Current Fellows
Post-Doctoral Fellow 2026-2027
Camila M. Belliard, PhD

Camila M. Belliard (she/they) is a Frederick Douglass Institute Postdoctoral Fellow in the Department of Black Studies at the University of Rochester. She earned a PhD in Women, Gender, and Sexuality Studies at Rutgers University, New Brunswick as a Fulbright International Scholar, and a degree in Social Anthropology from the University of Chile. Their research centers Black, migrant, femme, and LGBTQ+ communities through a transnational lens in Latin America and the Caribbean.
Research Overview
Her work initially focused on the intersections of anti-black racism and gender configurations in South-South in Chile. Her current focus in the Dominican Republic started 10 years ago with research in gender inequality and violence, black and Dominican-Haitian heritage, and healing justice. During the Postdoctoral Dr. Belliard will continue their dissertation project titled “Being Black, Trans and Femme in the Dominican Republic: Embodying and Resisting Surround Violence”, through a digital humanities project memorializing the life histories of Trans and Black femmes’ and the book project which follows their experience of resistance to violence in the DR.

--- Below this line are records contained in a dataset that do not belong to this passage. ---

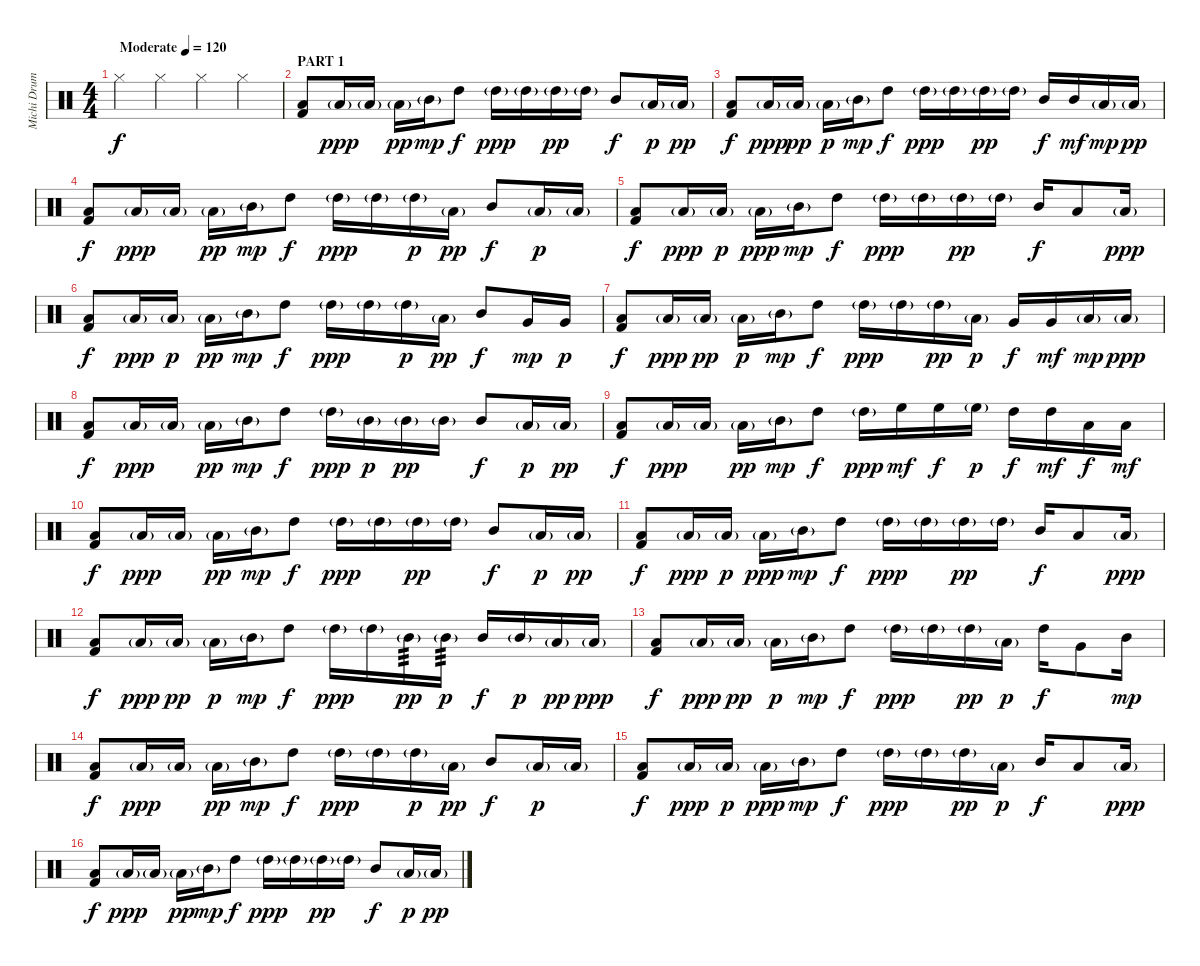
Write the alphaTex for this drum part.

\track ("Michi Drums" "Michi Drum") {instrument percussion}
\staff {score}
\articulation defaults
\ts (4 4)
\tempo (120 "Moderate")
\clef neutral
\ks c "Hi-Hat (closed)".4{dy f} "Hi-Hat (closed)".4 "Hi-Hat (closed)".4 "Hi-Hat (closed)".4
|
\section ("" "PART 1")
("Low Floor Tom (hit)" "Kick (hit) 2").8 "Low Floor Tom (hit)"{g}.16{dy ppp} "Low Tom (hit)"{g}.16 "Low Tom (hit)"{g}.16{dy pp} "Mid Tom (hit)"{g}.16{dy mp} "High Tom (hit)".8{dy f} "High Tom (hit)"{g}.16{dy ppp} "High Tom (hit)"{g}.16 "High Tom (hit)"{g}.16{dy pp} "High Tom (hit)"{g}.16 "Mid Tom (hit)".8{dy f} "Low Tom (hit)"{g}.16{dy p} "Low Tom (hit)"{g}.16{dy pp} |
("Low Floor Tom (hit)" "Kick (hit) 2").8{dy f} "Low Floor Tom (hit)"{g}.16{dy ppp} "Low Tom (hit)"{g}.16{dy pp} "Low Tom (hit)"{g}.16{dy p} "Mid Tom (hit)"{g}.16{dy mp} "High Tom (hit)".8{dy f} "High Tom (hit)"{g}.16{dy ppp} "High Tom (hit)"{g}.16 "High Tom (hit)"{g}.16{dy pp} "High Tom (hit)"{g}.16 "Mid Tom (hit)".16{dy f} "Mid Tom (hit)".16{dy mf} "Low Tom (hit)"{g}.16{dy mp} "Low Tom (hit)"{g}.16{dy pp} |
("Low Floor Tom (hit)" "Kick (hit) 2").8{dy f} "Low Floor Tom (hit)"{g}.16{dy ppp} "Low Tom (hit)"{g}.16 "Low Tom (hit)"{g}.16{dy pp} "Mid Tom (hit)"{g}.16{dy mp} "High Tom (hit)".8{dy f} "High Tom (hit)"{g}.16{dy ppp} "High Tom (hit)"{g}.16 "High Tom (hit)"{g}.16{dy p} "Low Tom (hit)"{g}.16{dy pp} "Mid Tom (hit)".8{dy f} "Low Tom (hit)"{g}.16{dy p} "Low Tom (hit)"{g}.16 |
("Low Floor Tom (hit)" "Kick (hit) 2").8{dy f} "Low Floor Tom (hit)"{g}.16{dy ppp} "Low Tom (hit)"{g}.16{dy p} "Low Tom (hit)"{g}.16{dy ppp} "Mid Tom (hit)"{g}.16{dy mp} "High Tom (hit)".8{dy f} "High Tom (hit)"{g}.16{dy ppp} "High Tom (hit)"{g}.16 "High Tom (hit)"{g}.16{dy pp} "High Tom (hit)"{g}.16 "Mid Tom (hit)".16{dy f} "Low Floor Tom (hit)".8 "Low Floor Tom (hit)"{g}.16{dy ppp} |
("Low Floor Tom (hit)" "Kick (hit) 2").8{dy f} "Low Floor Tom (hit)"{g}.16{dy ppp} "Low Tom (hit)"{g}.16{dy p} "Low Tom (hit)"{g}.16{dy pp} "Mid Tom (hit)"{g}.16{dy mp} "High Tom (hit)".8{dy f} "High Tom (hit)"{g}.16{dy ppp} "High Tom (hit)"{g}.16 "High Tom (hit)"{g}.16{dy p} "Low Tom (hit)"{g}.16{dy pp} "Mid Tom (hit)".8{dy f} "Very Low Tom (hit)".16{dy mp} "Very Low Tom (hit)".16{dy p} |
("Low Floor Tom (hit)" "Kick (hit) 2").8{dy f} "Low Floor Tom (hit)"{g}.16{dy ppp} "Low Tom (hit)"{g}.16{dy pp} "Low Tom (hit)"{g}.16{dy p} "Mid Tom (hit)"{g}.16{dy mp} "High Tom (hit)".8{dy f} "High Tom (hit)"{g}.16{dy ppp} "High Tom (hit)"{g}.16 "High Tom (hit)"{g}.16{dy pp} "Low Tom (hit)"{g}.16{dy p} "Very Low Tom (hit)".16{dy f} "Very Low Tom (hit)".16{dy mf} "Low Floor Tom (hit)"{g}.16{dy mp} "Low Floor Tom (hit)"{g}.16{dy ppp} |
("Low Floor Tom (hit)" "Kick (hit) 2").8{dy f} "Low Floor Tom (hit)"{g}.16{dy ppp} "Low Tom (hit)"{g}.16 "Low Tom (hit)"{g}.16{dy pp} "Mid Tom (hit)"{g}.16{dy mp} "High Tom (hit)".8{dy f} "High Tom (hit)"{g}.16{dy ppp} "Mid Tom (hit)"{g}.16{dy p} "Mid Tom (hit)"{g}.16{dy pp} "Mid Tom (hit)"{g}.16 "Mid Tom (hit)".8{dy f} "Low Tom (hit)"{g}.16{dy p} "Low Tom (hit)"{g}.16{dy pp} |
("Low Floor Tom (hit)" "Kick (hit) 2").8{dy f} "Low Floor Tom (hit)"{g}.16{dy ppp} "Low Tom (hit)"{g}.16 "Low Tom (hit)"{g}.16{dy pp} "Mid Tom (hit)"{g}.16{dy mp} "High Tom (hit)".8{dy f} "High Tom (hit)"{g}.16{dy ppp} "High Floor Tom (hit)".16{dy mf} "High Floor Tom (hit)".16{dy f} "High Floor Tom (hit)"{g}.16{dy p} "High Tom (hit)".16{dy f} "High Tom (hit)".16{dy mf} "Low Tom (hit)".16{dy f} "Low Tom (hit)".16{dy mf} |
("Low Floor Tom (hit)" "Kick (hit) 2").8{dy f} "Low Floor Tom (hit)"{g}.16{dy ppp} "Low Tom (hit)"{g}.16 "Low Tom (hit)"{g}.16{dy pp} "Mid Tom (hit)"{g}.16{dy mp} "High Tom (hit)".8{dy f} "High Tom (hit)"{g}.16{dy ppp} "High Tom (hit)"{g}.16 "High Tom (hit)"{g}.16{dy pp} "High Tom (hit)"{g}.16 "Mid Tom (hit)".8{dy f} "Low Tom (hit)"{g}.16{dy p} "Low Tom (hit)"{g}.16{dy pp} |
("Low Floor Tom (hit)" "Kick (hit) 2").8{dy f} "Low Floor Tom (hit)"{g}.16{dy ppp} "Low Tom (hit)"{g}.16{dy p} "Low Tom (hit)"{g}.16{dy ppp} "Mid Tom (hit)"{g}.16{dy mp} "High Tom (hit)".8{dy f} "High Tom (hit)"{g}.16{dy ppp} "High Tom (hit)"{g}.16 "High Tom (hit)"{g}.16{dy pp} "High Tom (hit)"{g}.16 "Mid Tom (hit)".16{dy f} "Low Tom (hit)".8 "Low Tom (hit)"{g}.16{dy ppp} |
("Low Floor Tom (hit)" "Kick (hit) 2").8{dy f} "Low Floor Tom (hit)"{g}.16{dy ppp} "Low Tom (hit)"{g}.16{dy pp} "Low Tom (hit)"{g}.16{dy p} "Mid Tom (hit)"{g}.16{dy mp} "High Tom (hit)".8{dy f} "High Tom (hit)"{g}.16{dy ppp} "High Tom (hit)"{g}.16 "Mid Tom (hit)"{g}.16{tp 3 dy pp} "Mid Tom (hit)"{g}.16{tp 3 dy p} "Mid Tom (hit)".16{dy f} "Mid Tom (hit)"{g}.16{dy p} "Low Tom (hit)"{g}.16{dy pp} "Low Tom (hit)"{g}.16{dy ppp} |
("Low Floor Tom (hit)" "Kick (hit) 2").8{dy f} "Low Floor Tom (hit)"{g}.16{dy ppp} "Low Tom (hit)"{g}.16{dy pp} "Low Tom (hit)"{g}.16{dy p} "Mid Tom (hit)"{g}.16{dy mp} "High Tom (hit)".8{dy f} "High Tom (hit)"{g}.16{dy ppp} "High Tom (hit)"{g}.16 "High Tom (hit)"{g}.16{dy pp} "Low Tom (hit)"{g}.16{dy p} "High Tom (hit)".16{dy f} "Very Low Tom (hit)".8 "Mid Tom (hit)".16{dy mp} |
("Low Floor Tom (hit)" "Kick (hit) 2").8{dy f} "Low Floor Tom (hit)"{g}.16{dy ppp} "Low Tom (hit)"{g}.16 "Low Tom (hit)"{g}.16{dy pp} "Mid Tom (hit)"{g}.16{dy mp} "High Tom (hit)".8{dy f} "High Tom (hit)"{g}.16{dy ppp} "High Tom (hit)"{g}.16 "High Tom (hit)"{g}.16{dy p} "Low Tom (hit)"{g}.16{dy pp} "Mid Tom (hit)".8{dy f} "Low Tom (hit)"{g}.16{dy p} "Low Tom (hit)"{g}.16 |
("Low Floor Tom (hit)" "Kick (hit) 2").8{bd 120 dy f} "Low Floor Tom (hit)"{g}.16{dy ppp} "Low Tom (hit)"{g}.16{dy p} "Low Tom (hit)"{g}.16{dy ppp} "Mid Tom (hit)"{g}.16{dy mp} "High Tom (hit)".8{dy f} "High Tom (hit)"{g}.16{dy ppp} "High Tom (hit)"{g}.16 "High Tom (hit)"{g}.16{dy pp} "Low Tom (hit)"{g}.16{dy p} "Mid Tom (hit)".16{dy f} "Low Floor Tom (hit)".8 "Low Floor Tom (hit)"{g}.16{dy ppp} |
("Low Floor Tom (hit)" "Kick (hit) 2").8{dy f} "Low Floor Tom (hit)"{g}.16{dy ppp} "Low Tom (hit)"{g}.16 "Low Tom (hit)"{g}.16{dy pp} "Mid Tom (hit)"{g}.16{dy mp} "High Tom (hit)".8{dy f} "High Tom (hit)"{g}.16{dy ppp} "High Tom (hit)"{g}.16 "High Tom (hit)"{g}.16{dy pp} "High Tom (hit)"{g}.16 "Mid Tom (hit)".8{dy f} "Low Tom (hit)"{g}.16{dy p} "Low Tom (hit)"{g}.16{dy pp}

Dr. Belliard also co-founded and coordinated the Racial Justice Learning Community (RAJU), an inaugural program at Rutgers’ Institute for Global Racial Justice, where they mentored cohorts of undergraduate students. Beyond the university, they have collaborated with activist and non-profit organizations on sexual reproductive rights and gender education.
Research Interests
Caribbean and Latinx Studies; South-South Migration; Violence; Coloniality and Colonialism, Black Feminist Theory and Praxis; Queer of Color Critique; Trans and Gender Studies; Feminist Ethnography; Afro-Caribbean epistemologies, Healing Justice
CV: CamilaBelliard_AcademicCV2026.pdf
Post-Doctoral Fellow 2025-2026
Alex Thomas
Alex Thomas (they/them/theirs) is a postdoctoral fellow at the Frederick Douglass Institute and the Department of Black Studies at the University of Rochester. They earned their PhD in Communication from the University of Maryland College Park with a certificate in Digital Studies in Arts and Humanities. While there, Alex aided in the foundation of the Black Communication and Technology Lab as a Graduate Fellow and served as a graduate ambassador.
Research Overview
Dr. Thomas’s research draws upon and combines environmental and visual communication, digital humanities, media studies, cultural studies, and Black feminism to address how social issues intersect with or are showcased through many different visual mediums. They study texts from across various forms of visual media including cinema and animation, photography, social media, and visual literature to examine how those who create and consume media influence, critique, and reflect on social issues widely and communication about the environment more specifically. Their interests also include research on the use of digital media for activism and how critique of popular media can challenge and change society for the better.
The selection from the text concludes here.